▶ _TASK TO COMPLETE_
Repeat the lines below exactly as written, please, from the line with "#2 ballet flat [505,159,563,206]" to the line with "#9 supplement package [59,0,265,115]", both lines included, and no others.

Extracted data entries
───

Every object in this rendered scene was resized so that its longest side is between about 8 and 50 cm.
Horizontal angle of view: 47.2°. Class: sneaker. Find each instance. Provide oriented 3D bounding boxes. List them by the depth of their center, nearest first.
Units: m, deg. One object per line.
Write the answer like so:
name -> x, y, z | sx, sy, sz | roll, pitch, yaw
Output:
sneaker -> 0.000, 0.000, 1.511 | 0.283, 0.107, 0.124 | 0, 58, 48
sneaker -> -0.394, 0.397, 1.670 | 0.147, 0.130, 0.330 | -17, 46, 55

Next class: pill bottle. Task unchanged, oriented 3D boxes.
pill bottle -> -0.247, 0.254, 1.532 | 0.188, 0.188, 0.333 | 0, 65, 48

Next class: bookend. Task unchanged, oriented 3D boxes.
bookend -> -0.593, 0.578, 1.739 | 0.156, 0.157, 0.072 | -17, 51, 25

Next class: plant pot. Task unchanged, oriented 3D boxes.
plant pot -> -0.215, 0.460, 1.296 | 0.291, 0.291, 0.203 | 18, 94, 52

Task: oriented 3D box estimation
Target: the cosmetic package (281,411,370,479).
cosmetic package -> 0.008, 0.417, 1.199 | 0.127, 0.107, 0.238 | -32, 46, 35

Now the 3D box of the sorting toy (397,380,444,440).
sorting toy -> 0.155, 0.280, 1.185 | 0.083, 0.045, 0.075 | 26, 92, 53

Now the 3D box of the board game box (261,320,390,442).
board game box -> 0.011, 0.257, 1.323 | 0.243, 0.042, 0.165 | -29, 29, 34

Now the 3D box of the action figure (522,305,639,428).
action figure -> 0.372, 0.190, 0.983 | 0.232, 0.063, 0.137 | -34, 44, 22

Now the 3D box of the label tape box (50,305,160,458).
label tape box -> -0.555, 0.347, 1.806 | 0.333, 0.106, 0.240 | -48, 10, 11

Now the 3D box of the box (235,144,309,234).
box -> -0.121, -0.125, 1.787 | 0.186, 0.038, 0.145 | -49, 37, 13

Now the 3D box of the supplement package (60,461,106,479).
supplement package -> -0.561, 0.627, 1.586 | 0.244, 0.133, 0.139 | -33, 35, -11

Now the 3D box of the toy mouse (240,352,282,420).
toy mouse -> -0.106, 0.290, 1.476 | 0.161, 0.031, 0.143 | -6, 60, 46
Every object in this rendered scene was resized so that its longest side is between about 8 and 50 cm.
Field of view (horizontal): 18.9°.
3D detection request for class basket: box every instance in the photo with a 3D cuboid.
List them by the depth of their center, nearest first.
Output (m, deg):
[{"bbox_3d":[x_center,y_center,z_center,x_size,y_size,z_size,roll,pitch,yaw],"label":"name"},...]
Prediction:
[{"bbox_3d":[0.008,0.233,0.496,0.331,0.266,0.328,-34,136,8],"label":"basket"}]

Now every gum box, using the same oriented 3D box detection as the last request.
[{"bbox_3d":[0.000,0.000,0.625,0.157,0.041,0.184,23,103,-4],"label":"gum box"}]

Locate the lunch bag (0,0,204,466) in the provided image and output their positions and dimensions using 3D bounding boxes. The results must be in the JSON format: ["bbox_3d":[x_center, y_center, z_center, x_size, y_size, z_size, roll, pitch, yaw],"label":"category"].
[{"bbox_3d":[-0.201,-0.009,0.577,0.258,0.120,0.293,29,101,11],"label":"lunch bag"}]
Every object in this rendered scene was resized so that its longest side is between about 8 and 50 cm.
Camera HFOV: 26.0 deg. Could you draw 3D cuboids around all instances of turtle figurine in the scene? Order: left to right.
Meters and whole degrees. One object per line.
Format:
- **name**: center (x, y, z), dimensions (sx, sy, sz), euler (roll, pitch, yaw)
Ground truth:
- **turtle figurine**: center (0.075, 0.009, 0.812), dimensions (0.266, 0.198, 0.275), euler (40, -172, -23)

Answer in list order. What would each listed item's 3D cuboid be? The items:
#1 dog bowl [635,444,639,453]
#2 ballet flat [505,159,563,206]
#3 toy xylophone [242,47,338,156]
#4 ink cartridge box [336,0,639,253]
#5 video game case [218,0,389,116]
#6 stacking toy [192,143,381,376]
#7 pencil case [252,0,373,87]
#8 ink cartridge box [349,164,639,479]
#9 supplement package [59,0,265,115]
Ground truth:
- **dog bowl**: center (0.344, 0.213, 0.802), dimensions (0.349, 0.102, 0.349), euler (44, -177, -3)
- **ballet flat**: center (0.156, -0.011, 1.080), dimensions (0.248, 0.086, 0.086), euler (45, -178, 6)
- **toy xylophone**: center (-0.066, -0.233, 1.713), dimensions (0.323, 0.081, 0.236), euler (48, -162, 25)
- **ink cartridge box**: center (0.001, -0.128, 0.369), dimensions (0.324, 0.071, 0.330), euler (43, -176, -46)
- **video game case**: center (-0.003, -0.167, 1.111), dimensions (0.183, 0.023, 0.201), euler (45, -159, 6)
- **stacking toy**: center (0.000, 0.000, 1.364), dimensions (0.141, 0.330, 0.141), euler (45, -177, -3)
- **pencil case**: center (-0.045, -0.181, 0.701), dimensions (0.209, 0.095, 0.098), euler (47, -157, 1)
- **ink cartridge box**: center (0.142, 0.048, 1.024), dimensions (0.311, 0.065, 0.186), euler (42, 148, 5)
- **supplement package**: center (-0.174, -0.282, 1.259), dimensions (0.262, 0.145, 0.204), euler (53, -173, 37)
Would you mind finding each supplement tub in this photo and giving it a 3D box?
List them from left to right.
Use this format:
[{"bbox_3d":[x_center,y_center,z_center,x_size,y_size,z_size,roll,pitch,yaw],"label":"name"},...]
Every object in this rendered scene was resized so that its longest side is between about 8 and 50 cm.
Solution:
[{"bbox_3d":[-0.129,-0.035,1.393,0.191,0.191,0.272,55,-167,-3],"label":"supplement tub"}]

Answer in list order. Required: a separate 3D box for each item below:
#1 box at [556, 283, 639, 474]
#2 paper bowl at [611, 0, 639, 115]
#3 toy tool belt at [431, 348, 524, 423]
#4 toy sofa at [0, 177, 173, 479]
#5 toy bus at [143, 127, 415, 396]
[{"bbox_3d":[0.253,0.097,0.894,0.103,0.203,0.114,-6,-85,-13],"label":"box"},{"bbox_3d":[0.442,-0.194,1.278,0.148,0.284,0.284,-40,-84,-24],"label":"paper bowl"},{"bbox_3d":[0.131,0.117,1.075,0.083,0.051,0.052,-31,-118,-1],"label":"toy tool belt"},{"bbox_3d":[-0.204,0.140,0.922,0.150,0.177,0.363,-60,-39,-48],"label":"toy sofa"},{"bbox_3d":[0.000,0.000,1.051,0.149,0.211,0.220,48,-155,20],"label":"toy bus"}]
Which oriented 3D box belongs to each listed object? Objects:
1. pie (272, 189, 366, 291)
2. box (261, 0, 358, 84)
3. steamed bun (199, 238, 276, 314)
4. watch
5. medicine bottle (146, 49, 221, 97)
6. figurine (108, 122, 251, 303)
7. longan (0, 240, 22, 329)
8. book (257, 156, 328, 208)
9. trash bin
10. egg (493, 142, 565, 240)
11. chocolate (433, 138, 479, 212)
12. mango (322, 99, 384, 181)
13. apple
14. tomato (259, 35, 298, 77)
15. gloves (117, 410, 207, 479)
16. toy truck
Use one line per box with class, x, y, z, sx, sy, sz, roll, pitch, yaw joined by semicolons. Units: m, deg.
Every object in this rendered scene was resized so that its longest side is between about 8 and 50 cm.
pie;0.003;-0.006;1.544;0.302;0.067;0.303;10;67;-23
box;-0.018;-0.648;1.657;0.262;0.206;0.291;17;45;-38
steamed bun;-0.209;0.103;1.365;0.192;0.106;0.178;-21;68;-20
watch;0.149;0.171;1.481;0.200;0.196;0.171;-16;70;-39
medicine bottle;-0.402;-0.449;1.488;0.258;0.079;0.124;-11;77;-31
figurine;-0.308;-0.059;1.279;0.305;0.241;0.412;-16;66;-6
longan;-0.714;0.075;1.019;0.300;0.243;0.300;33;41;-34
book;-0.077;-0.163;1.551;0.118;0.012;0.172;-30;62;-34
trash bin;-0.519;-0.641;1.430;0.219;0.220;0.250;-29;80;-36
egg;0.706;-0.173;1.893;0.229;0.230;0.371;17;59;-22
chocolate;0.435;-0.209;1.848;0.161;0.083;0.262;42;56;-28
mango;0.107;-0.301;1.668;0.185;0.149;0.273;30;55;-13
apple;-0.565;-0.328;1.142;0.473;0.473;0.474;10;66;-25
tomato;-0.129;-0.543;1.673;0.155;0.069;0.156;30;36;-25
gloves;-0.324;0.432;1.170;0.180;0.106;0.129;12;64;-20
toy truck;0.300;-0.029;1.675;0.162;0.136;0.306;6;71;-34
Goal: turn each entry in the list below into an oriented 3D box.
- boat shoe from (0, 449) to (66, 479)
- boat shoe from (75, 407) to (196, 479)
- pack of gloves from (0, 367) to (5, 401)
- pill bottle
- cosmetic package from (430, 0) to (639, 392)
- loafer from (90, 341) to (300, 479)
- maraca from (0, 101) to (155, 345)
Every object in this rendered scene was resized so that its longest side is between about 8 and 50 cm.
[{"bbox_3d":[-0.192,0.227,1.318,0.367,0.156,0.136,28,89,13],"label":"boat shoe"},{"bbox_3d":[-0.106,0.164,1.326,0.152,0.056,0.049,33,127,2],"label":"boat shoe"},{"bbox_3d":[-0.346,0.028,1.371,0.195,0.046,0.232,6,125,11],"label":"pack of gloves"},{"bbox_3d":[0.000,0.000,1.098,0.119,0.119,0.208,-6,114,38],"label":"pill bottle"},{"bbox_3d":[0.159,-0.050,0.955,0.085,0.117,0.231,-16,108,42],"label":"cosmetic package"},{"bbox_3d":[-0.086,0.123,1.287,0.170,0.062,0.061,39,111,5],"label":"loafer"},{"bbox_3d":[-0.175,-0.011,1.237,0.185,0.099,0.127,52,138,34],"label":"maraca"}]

───

▶ _EXERCISE OUTPUT_
#2 ballet flat [505,159,563,206]
#3 toy xylophone [242,47,338,156]
#4 ink cartridge box [336,0,639,253]
#5 video game case [218,0,389,116]
#6 stacking toy [192,143,381,376]
#7 pencil case [252,0,373,87]
#8 ink cartridge box [349,164,639,479]
#9 supplement package [59,0,265,115]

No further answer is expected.